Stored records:
%%

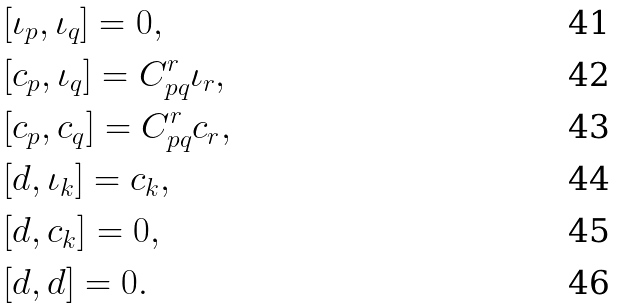Convert formula to latex. <formula><loc_0><loc_0><loc_500><loc_500>& [ \iota _ { p } , \iota _ { q } ] = 0 , \\ & [ \L c _ { p } , \iota _ { q } ] = C ^ { r } _ { p q } \iota _ { r } , \\ & [ \L c _ { p } , \L c _ { q } ] = C ^ { r } _ { p q } \L c _ { r } , \\ & [ d , \iota _ { k } ] = \L c _ { k } , \\ & [ d , \L c _ { k } ] = 0 , \\ & [ d , d ] = 0 .</formula> 
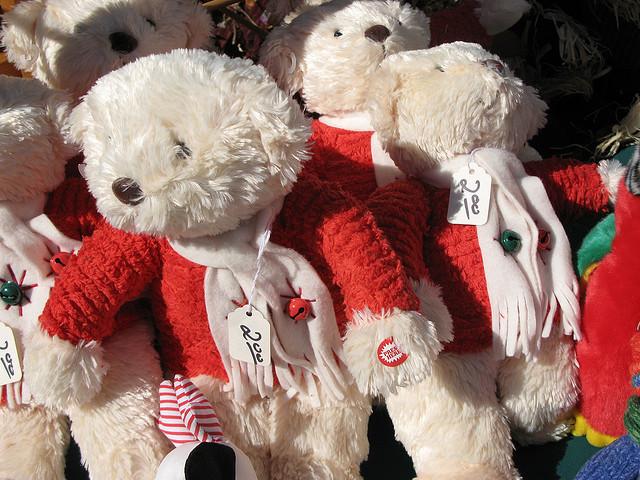How many bear noses are in the picture?
Concise answer only. 4. What color is the bears  sweater?
Short answer required. Red. How much does each bear cost?
Keep it brief. 2.00. 
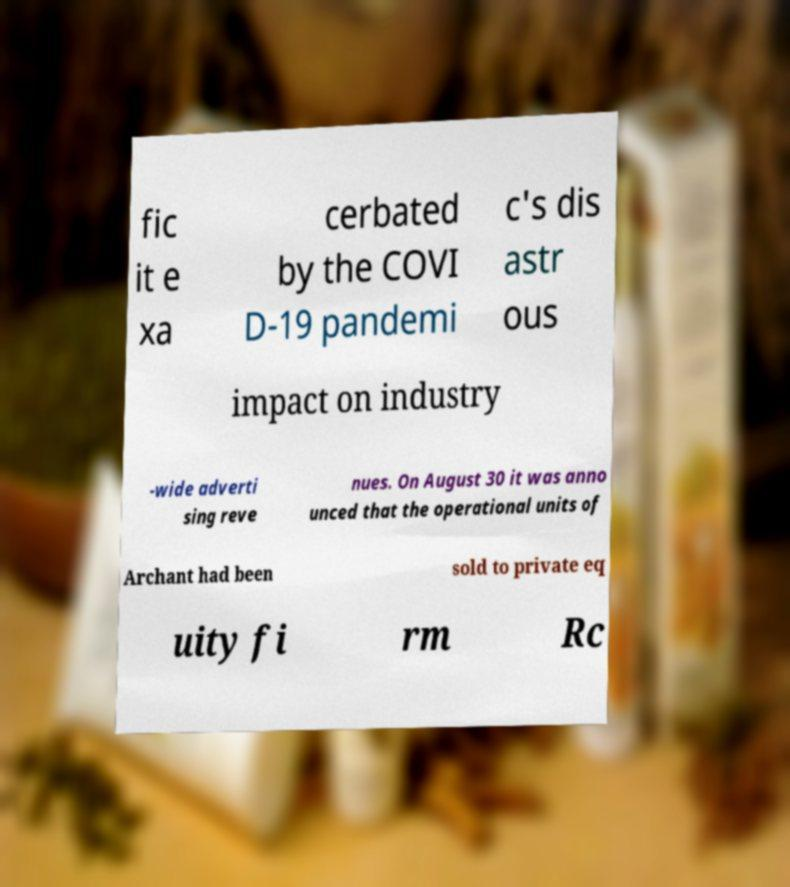Could you extract and type out the text from this image? fic it e xa cerbated by the COVI D-19 pandemi c's dis astr ous impact on industry -wide adverti sing reve nues. On August 30 it was anno unced that the operational units of Archant had been sold to private eq uity fi rm Rc 
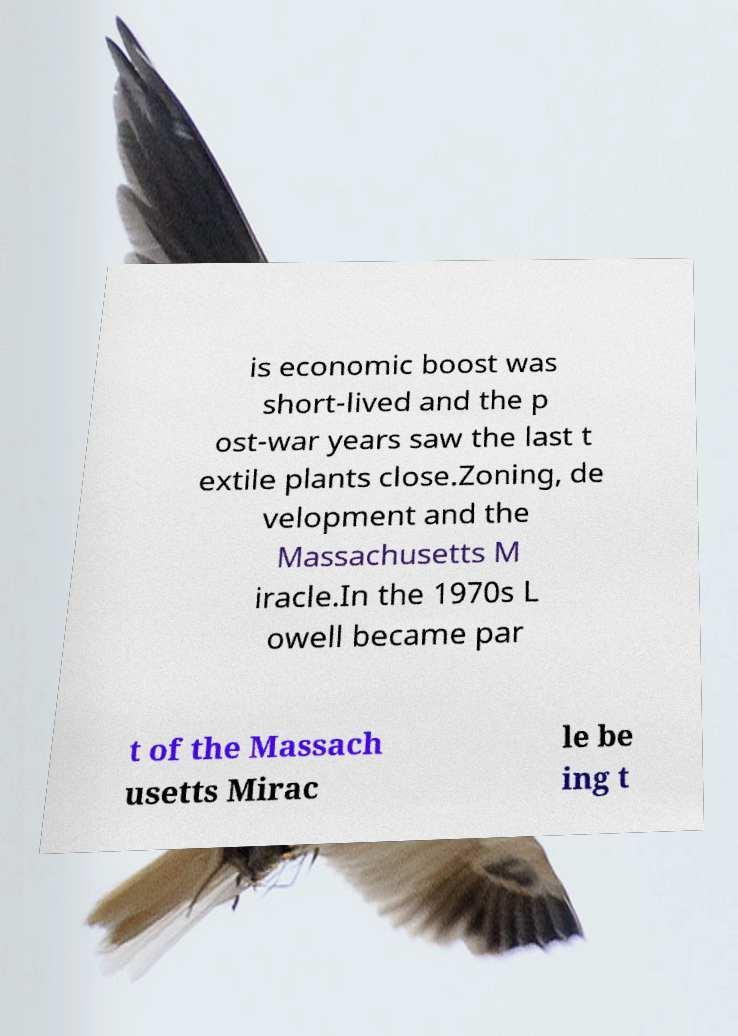Could you assist in decoding the text presented in this image and type it out clearly? is economic boost was short-lived and the p ost-war years saw the last t extile plants close.Zoning, de velopment and the Massachusetts M iracle.In the 1970s L owell became par t of the Massach usetts Mirac le be ing t 
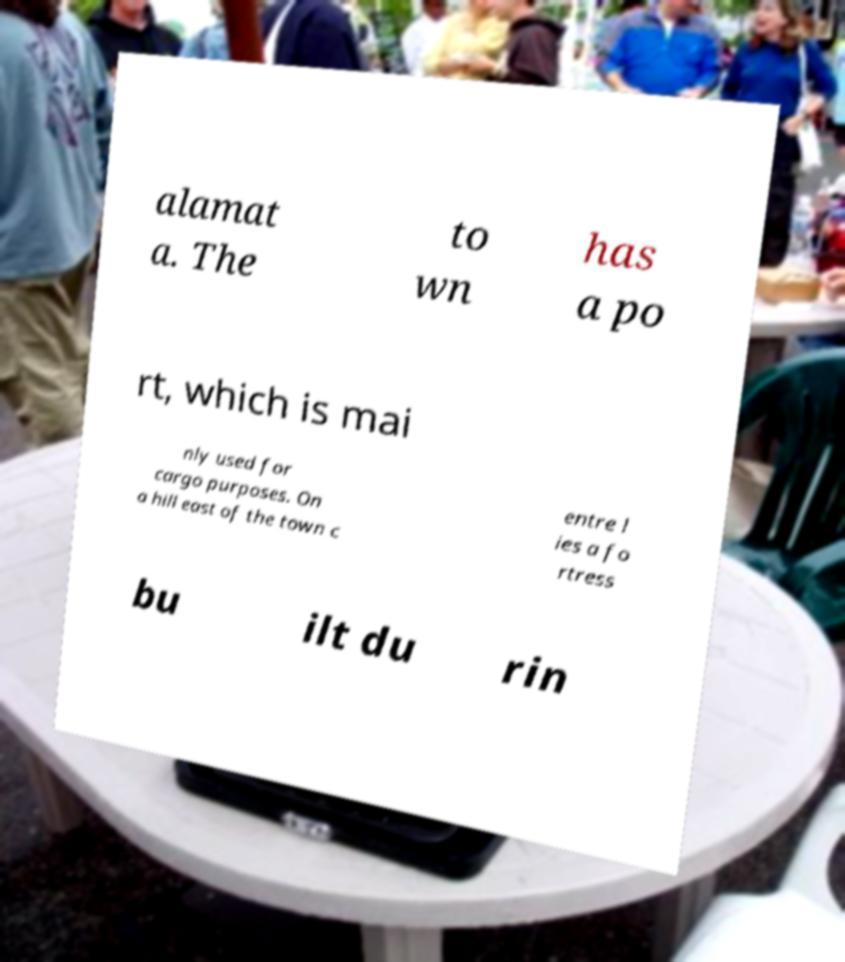Please read and relay the text visible in this image. What does it say? alamat a. The to wn has a po rt, which is mai nly used for cargo purposes. On a hill east of the town c entre l ies a fo rtress bu ilt du rin 
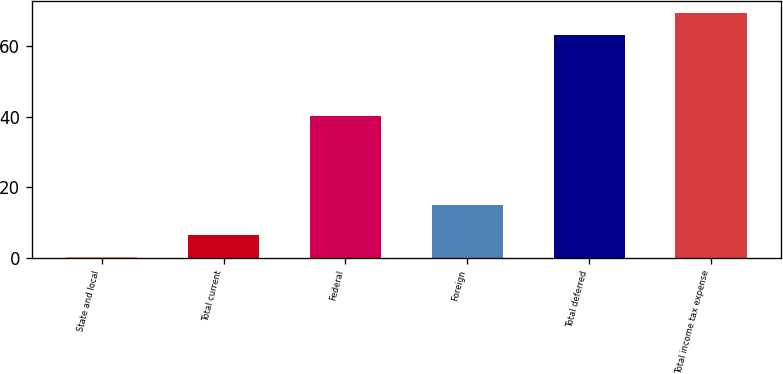Convert chart. <chart><loc_0><loc_0><loc_500><loc_500><bar_chart><fcel>State and local<fcel>Total current<fcel>Federal<fcel>Foreign<fcel>Total deferred<fcel>Total income tax expense<nl><fcel>0.2<fcel>6.56<fcel>40.3<fcel>15<fcel>63.1<fcel>69.46<nl></chart>

%%

_TASK TO CARRY OUT_
Among the entries above, take the lines from the one with "Concise answer only." through the one with "Please read and" and retype them exactly, leaving out the pictures.

_TASK ANSWER_
Concise answer only. 4. What color is the bears  sweater?
Short answer required. Red. How much does each bear cost?
Keep it brief. 2.00. 
Could you extract and type out the text from this image? fic it e xa cerbated by the COVI D-19 pandemi c's dis astr ous impact on industry -wide adverti sing reve nues. On August 30 it was anno unced that the operational units of Archant had been sold to private eq uity fi rm Rc 
Could you assist in decoding the text presented in this image and type it out clearly? is economic boost was short-lived and the p ost-war years saw the last t extile plants close.Zoning, de velopment and the Massachusetts M iracle.In the 1970s L owell became par t of the Massach usetts Mirac le be ing t 
Please read and relay the text visible in this image. What does it say? alamat a. The to wn has a po rt, which is mai nly used for cargo purposes. On a hill east of the town c entre l ies a fo rtress bu ilt du rin 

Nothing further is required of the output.